Here we dissociate the signals from direct and indirect pathways linking visual motion to manual control, based on their respective latencies. Specifically, we show that the motion-position interaction effect (i.e., the MIPS effect) on the reaching movement appears long after the initiation of rapid visuomotor responses and these rapid visuomotor responses are triggered directly by motion information.


In the experiment, we adopted an online reaching task (Fig. 1a). The internal texture started to drift in a horizontal direction with or without an accompanying target shift in the same direction (double- and single-drift conditions, respectively). Two other target conditions were also used to prevent anticipatory responses (see Methods for details).

Figure 1
figure 1

Experimental setup, stimuli, and hand trajectories. (a) Configuration of the experimental setup. Participants performed a reaching task while holding the handle of a manipulandum from the start position to the target position. In randomly selected trials, immediately after the reaching onset, the internal texture of the target stimulus started to move in the horizontal direction with or without the edge position drifting (single- and double-drift conditions, respectively). Participants quickly made an online adjustment when the target position shifted. (b) Target stimuli. The soft- and hard-edge targets were created by applying the contrast envelope of a Gaussian function and a pillbox function, respectively, to a Gaussian smoothed random dot pattern. (c) Mean trajectories for single-drift (blue) and double-drift (green) conditions of a particular participant.
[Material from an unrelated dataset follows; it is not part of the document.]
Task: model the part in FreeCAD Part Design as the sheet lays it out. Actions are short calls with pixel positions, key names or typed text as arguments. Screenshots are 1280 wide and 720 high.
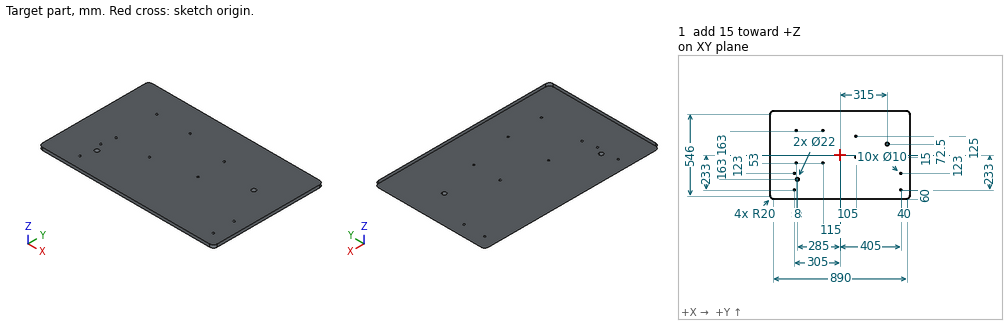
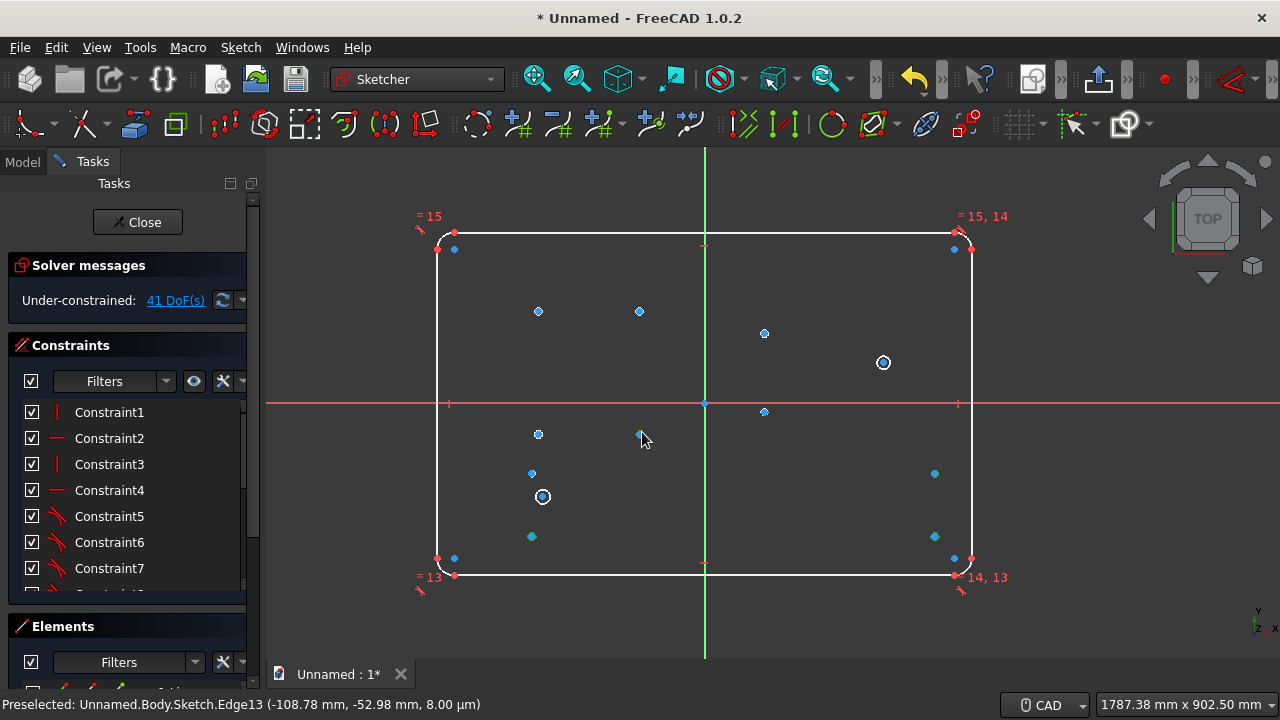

The dotted curves and open triangles represent the trajectories and arrival positions for the soft-edge target, and the solid curves and filled triangles represent those of the hard-edge target. The direction of the triangle indicates the direction of the texture motion.

To examine the temporal development of the MIPS effect on adjustments in reaching, we focused on a difference in the strength of MIPSs induced by two kinds of targets. A soft-edge target (Fig. 1b, left panel) presented in the peripheral vision is known to cause a large MIPS for perception and action while a hard-edge target (Fig. 1b, right panel) induced a significantly small and negligible MIPS for perception and action, respectively13. The effect of edge difference has been successfully modeled by a Kalman filter, which optimally weights the motion and position signals based on their certainty19 (see also20). Therefore, based on these studies, if rapid adjustments in reaching evoked by visual motion are mediated by changes in target position representations, a stronger response to the soft-edged, compared to the hard-edged, target should be observed from the very beginning.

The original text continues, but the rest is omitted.